- WHAT THIS TASK INVOLVES -
Once the pictures are removed, output the remaining entries exactly as given.

Records from a collection:
=== Begin Enclosure ===

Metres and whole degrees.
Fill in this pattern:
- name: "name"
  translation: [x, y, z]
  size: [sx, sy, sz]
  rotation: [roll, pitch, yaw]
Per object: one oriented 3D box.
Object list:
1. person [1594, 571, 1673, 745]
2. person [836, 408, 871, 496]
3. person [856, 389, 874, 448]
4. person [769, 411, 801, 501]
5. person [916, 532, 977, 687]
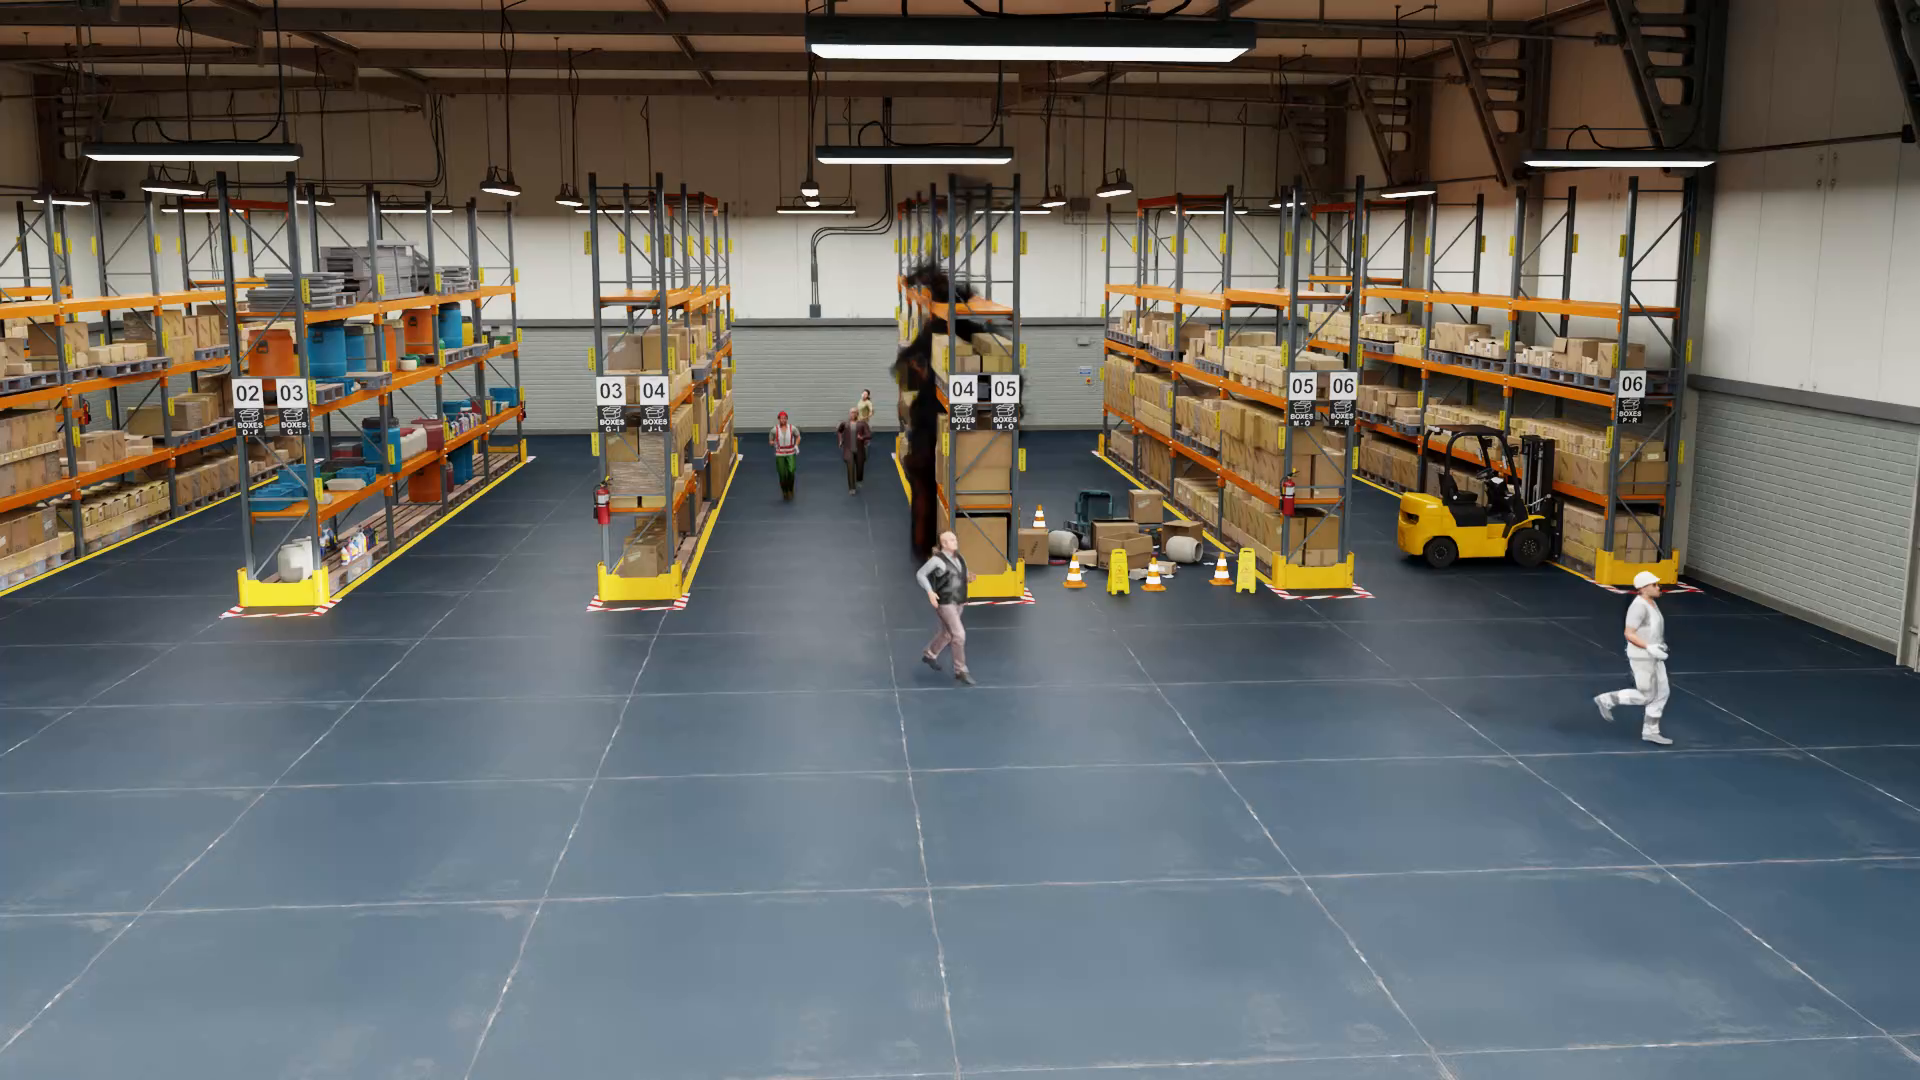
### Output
- name: "person"
  translation: [6.943, 1.183, 16.990]
  size: [0.785, 1.759, 0.657]
  rotation: [8, 13, 37]
- name: "person"
  translation: [-2.155, -1.812, 33.806]
  size: [0.715, 1.755, 0.970]
  rotation: [-1, 10, -3]
- name: "person"
  translation: [-2.356, -2.874, 40.448]
  size: [0.660, 1.601, 0.720]
  rotation: [9, 14, 43]
- name: "person"
  translation: [-3.473, -1.664, 33.020]
  size: [0.627, 1.784, 0.692]
  rotation: [-1, 10, -5]
- name: "person"
  translation: [-0.122, 0.774, 19.302]
  size: [0.860, 1.756, 0.641]
  rotation: [7, 12, 33]

=== End Enclosure ===

- SOLUTION TO THIS EXERCISE -
Metres and whole degrees.
Fill in this pattern:
- name: "name"
  translation: [x, y, z]
  size: [sx, sy, sz]
  rotation: [roll, pitch, yaw]
Per object: one oriented 3D box.
Object list:
1. person [1594, 571, 1673, 745]
2. person [836, 408, 871, 496]
3. person [856, 389, 874, 448]
4. person [769, 411, 801, 501]
5. person [916, 532, 977, 687]
### Output
- name: "person"
  translation: [6.943, 1.183, 16.990]
  size: [0.785, 1.759, 0.657]
  rotation: [8, 13, 37]
- name: "person"
  translation: [-2.155, -1.812, 33.806]
  size: [0.715, 1.755, 0.970]
  rotation: [-1, 10, -3]
- name: "person"
  translation: [-2.356, -2.874, 40.448]
  size: [0.660, 1.601, 0.720]
  rotation: [9, 14, 43]
- name: "person"
  translation: [-3.473, -1.664, 33.020]
  size: [0.627, 1.784, 0.692]
  rotation: [-1, 10, -5]
- name: "person"
  translation: [-0.122, 0.774, 19.302]
  size: [0.860, 1.756, 0.641]
  rotation: [7, 12, 33]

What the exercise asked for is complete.